_TASK DETAILS_:
Look through the entries for the line containing "table_cell DIF equivalent". Then output that line and every line after it, exactly, to the end.

Saved entries
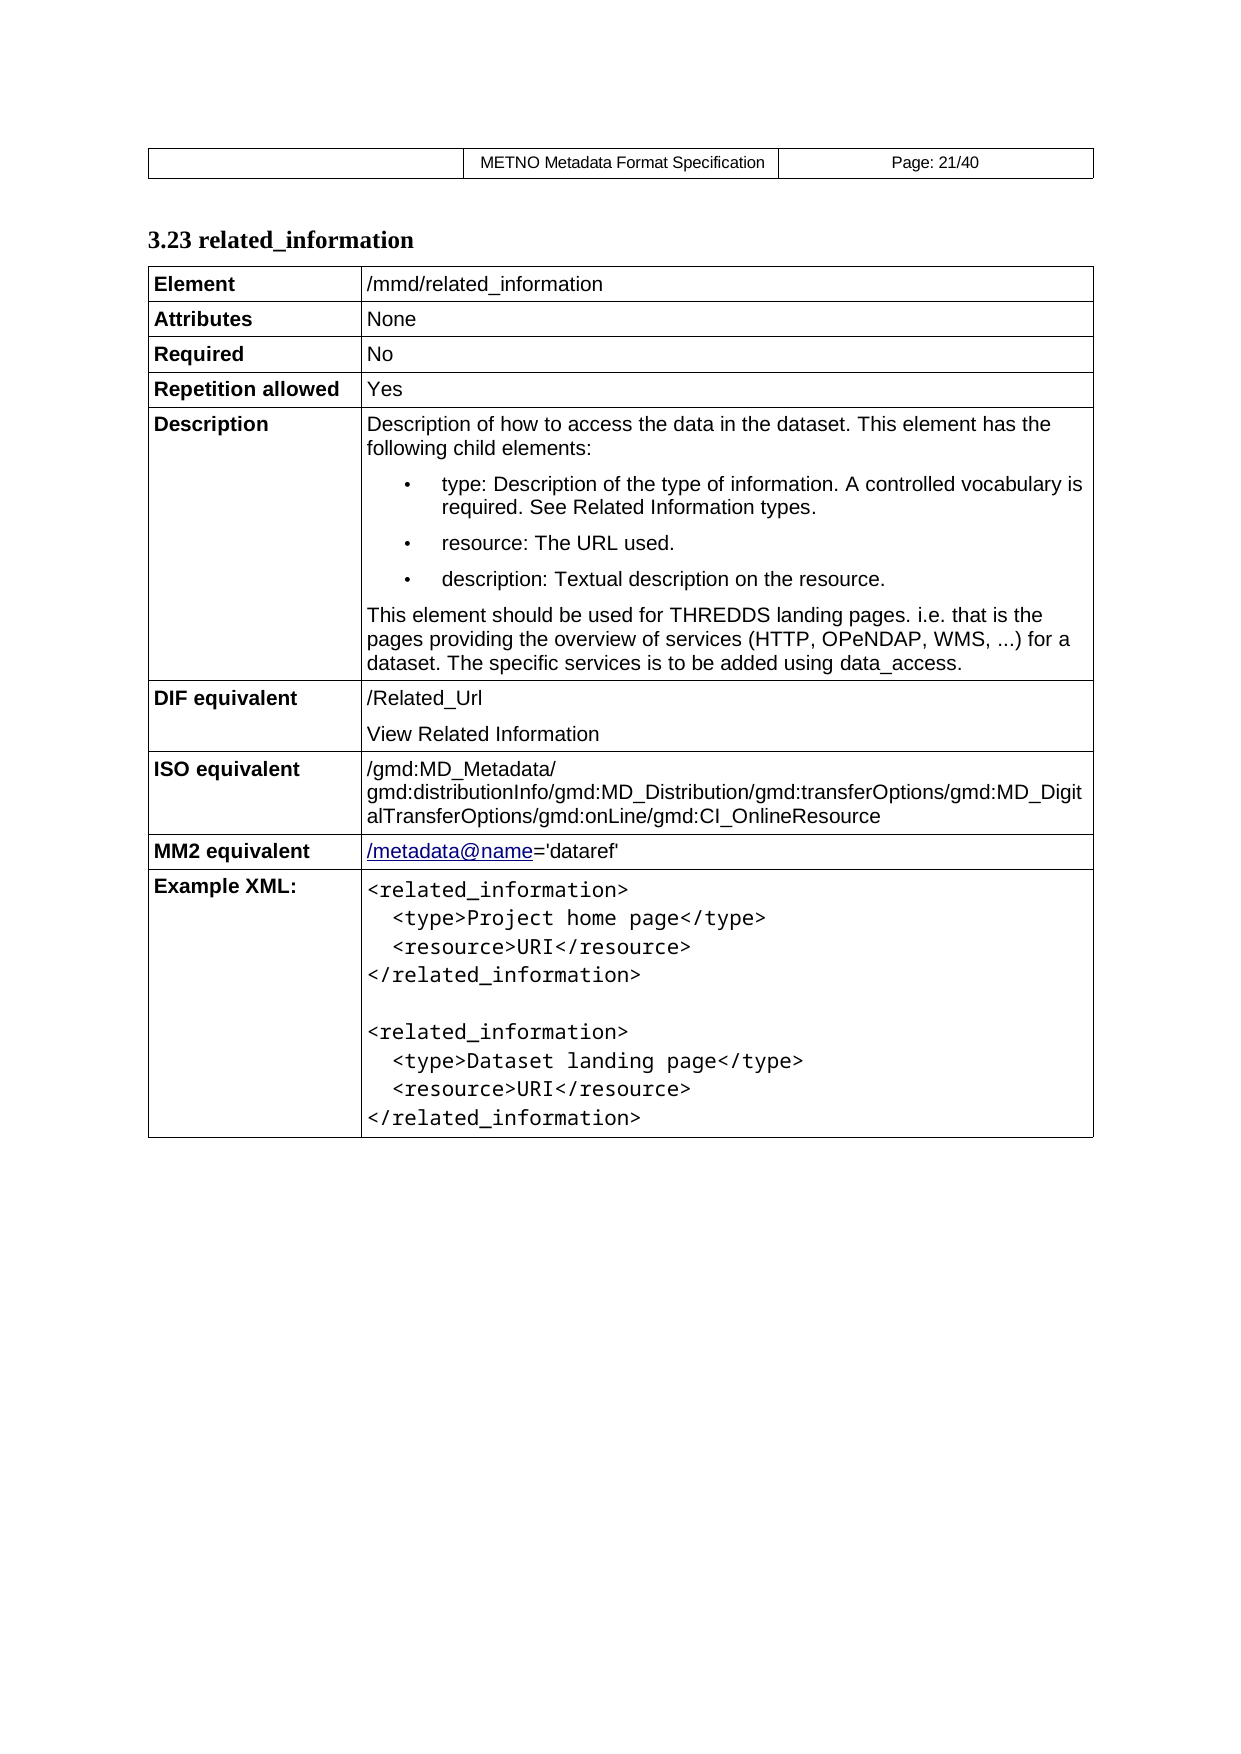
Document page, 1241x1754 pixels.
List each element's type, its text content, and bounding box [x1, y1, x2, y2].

table_cell No [362, 337, 1093, 372]
table_cell /metadata@name='dataref' [362, 835, 1093, 869]
table_cell <related_information> <type>Project home page</type> <resource>URI</resource> </related_information> <related_information> <type>Dataset landing page</type> <resource>URI</resource> </related_information> [362, 870, 1093, 1137]
table_cell Description [149, 408, 361, 680]
table_cell None [362, 302, 1093, 336]
table_cell /Related_Url View Related Information [362, 681, 1093, 751]
table_cell Repetition allowed [149, 373, 361, 407]
table_cell ISO equivalent [149, 752, 361, 834]
table_cell Description of how to access the data in the dataset. This element has the following child elements: type: Description of the type of information. A controlled vocabulary is required. See Related Information types. resource: The URL used. description: Textual description on the resource. This element should be used for THREDDS landing pages. i.e. that is the pages providing the overview of services (HTTP, OPeNDAP, WMS, ...) for a dataset. The specific services is to be added using data_access. [362, 408, 1093, 680]
table_cell Attributes [149, 302, 361, 336]
table_cell MM2 equivalent [149, 835, 361, 869]
table_cell Yes [362, 373, 1093, 407]
table_cell Example XML: [149, 870, 361, 1137]
table_header Element [149, 267, 361, 301]
subtitle related_information [148, 226, 1093, 254]
table_header /mmd/related_information [362, 267, 1093, 301]
table_cell DIF equivalent [149, 681, 361, 751]
table_cell Required [149, 337, 361, 372]
table_cell /gmd:MD_Metadata/ gmd:distributionInfo/gmd:MD_Distribution/gmd:transferOptions/gmd:MD_DigitalTransferOptions/gmd:onLine/gmd:CI_OnlineResource [362, 752, 1093, 834]

_RESPONSE BOX_:
table_cell DIF equivalent [149, 681, 361, 751]
table_cell Required [149, 337, 361, 372]
table_cell /gmd:MD_Metadata/ gmd:distributionInfo/gmd:MD_Distribution/gmd:transferOptions/gmd:MD_DigitalTransferOptions/gmd:onLine/gmd:CI_OnlineResource [362, 752, 1093, 834]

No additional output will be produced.